According to tradition, the spirits of children (los angelitos) visit on the first day, with adult ghosts dropping in on the next. Waiting for them inside homes and churches are altars built by friends and family members. A variety of items are displayed: candles, flowers (especially marigolds), religious artifacts, elaborately designed paper cutouts (papel picado), sugar skulls, and a sweet bread known as pan de muerto ("bread of the dead") that is often shaped into skulls or round loaves with bones. The ofrendas are meant to be highly personalized, so photographs and favorite possessions of the deceased are the most important items displayed. St. Anne's Church, one of Detroit's oldest and loveliest churches, always displays an amazing multi-tiered collection of offerings. For many celebrants, visiting loved ones' graves with gifts is part of the ritual.

Thanks to some savvy marketing by local Hispanic community leaders, El Dí
a de los Muertos has become an increasingly popular event in southwest Detroit, where most of the metropolitan area's Latinos live.
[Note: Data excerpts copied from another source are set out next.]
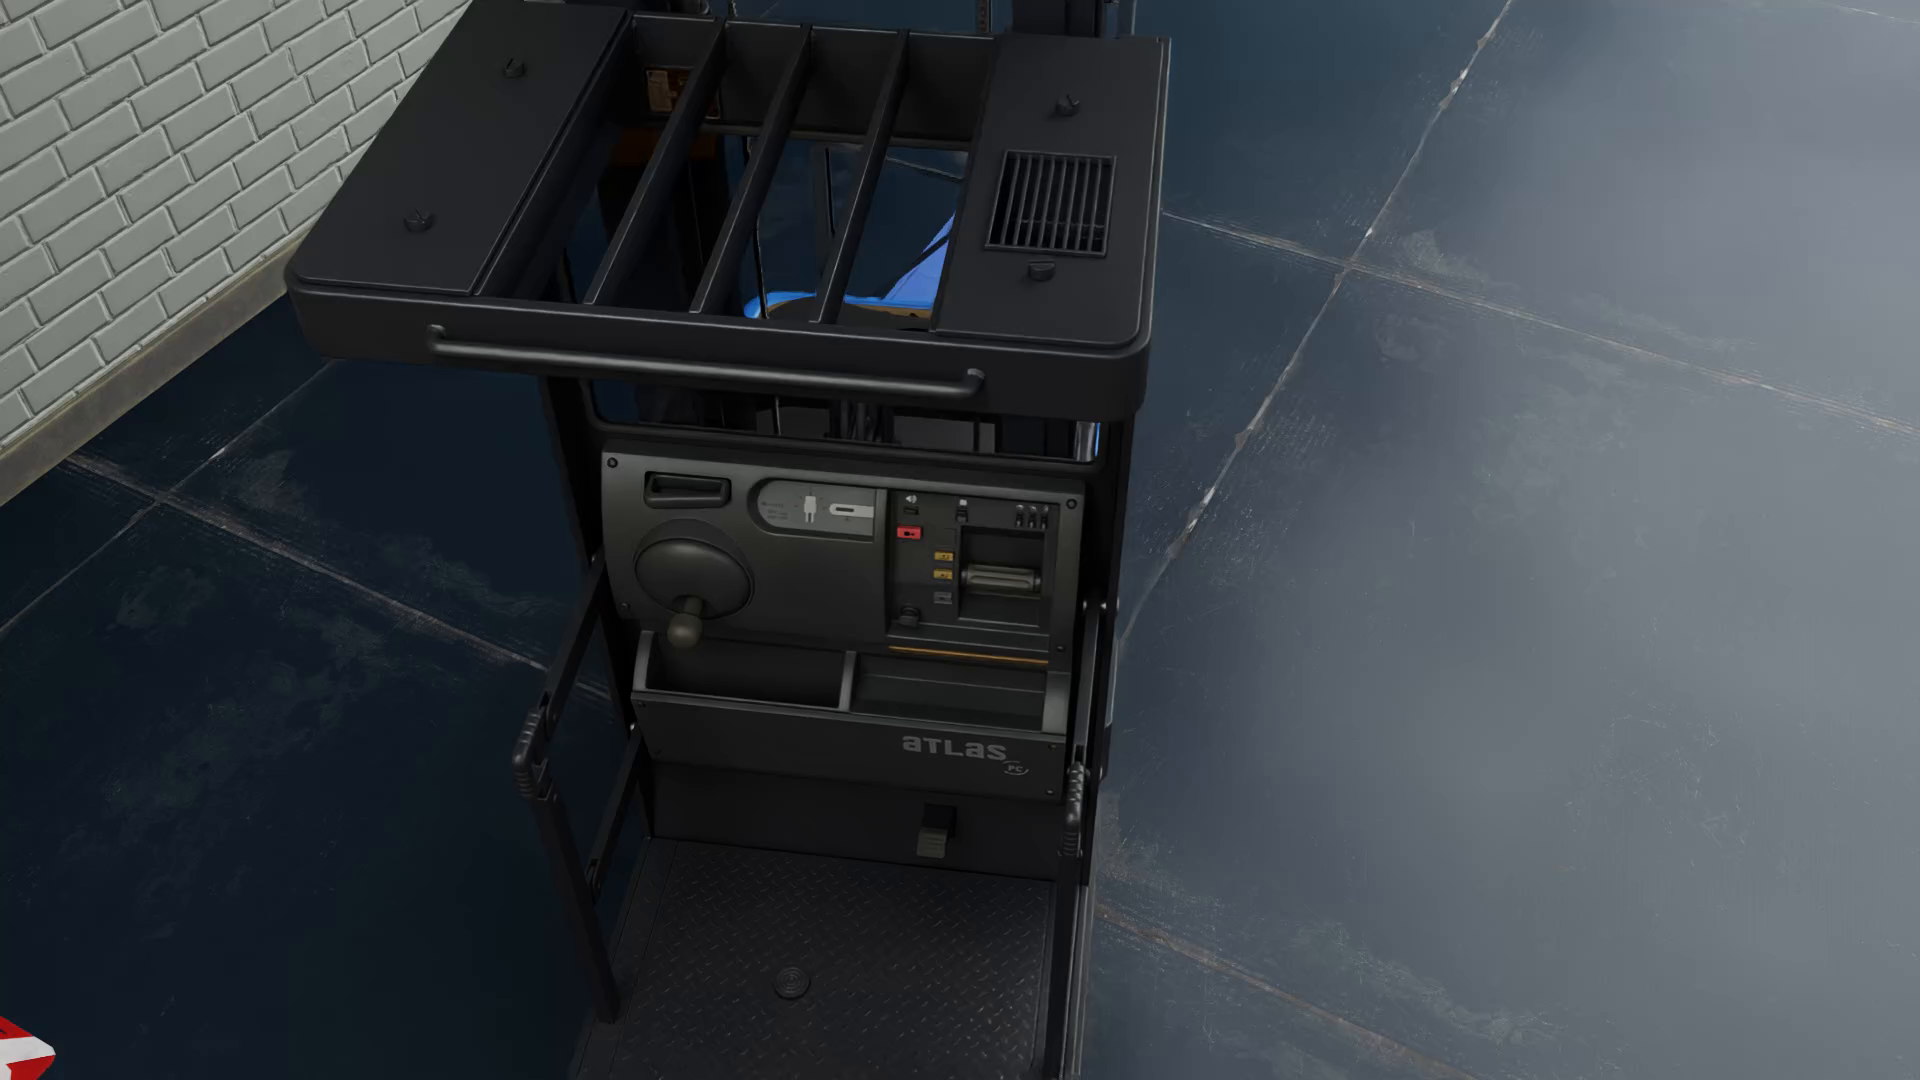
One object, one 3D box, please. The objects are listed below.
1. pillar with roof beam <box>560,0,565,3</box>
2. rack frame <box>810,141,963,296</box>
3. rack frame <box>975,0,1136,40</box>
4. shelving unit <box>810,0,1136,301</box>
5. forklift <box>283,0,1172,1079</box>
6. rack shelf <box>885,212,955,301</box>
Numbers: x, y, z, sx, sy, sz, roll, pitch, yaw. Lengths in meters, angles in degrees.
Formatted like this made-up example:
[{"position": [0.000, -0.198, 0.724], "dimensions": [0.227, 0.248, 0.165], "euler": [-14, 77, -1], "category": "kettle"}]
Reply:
[{"position": [2.342, -3.867, 2.745], "dimensions": [9.100, 9.000, 0.400], "euler": [20, 49, 19], "category": "pillar with roof beam"}, {"position": [-0.155, -0.507, 4.697], "dimensions": [0.500, 1.500, 0.032], "euler": [19, 48, 17], "category": "rack frame"}, {"position": [0.278, -1.161, 5.343], "dimensions": [0.500, 1.500, 0.032], "euler": [19, 48, 17], "category": "rack frame"}, {"position": [0.061, -0.834, 5.020], "dimensions": [0.538, 1.500, 1.048], "euler": [19, 48, 17], "category": "shelving unit"}, {"position": [-0.257, 0.133, 3.058], "dimensions": [1.130, 2.935, 3.031], "euler": [5, 46, 5], "category": "forklift"}, {"position": [0.061, -0.708, 5.148], "dimensions": [0.538, 0.185, 1.000], "euler": [19, 48, 17], "category": "rack shelf"}]

Artistic works incorporating skulls and skeletons, more wry than morbid, are everywhere, reflecting the ancient attitude that bones are as much a symbol of rebirth as death. One of the coolest Day of the Dead characters I've seen—a skeletal bride and her groom that I dubbed "The Newly Deads"—was bought by a friend at a shop on Bagley. There are similarly colorful creatures found inside markets, restaurants, bakeries, and churches during the holiday festival.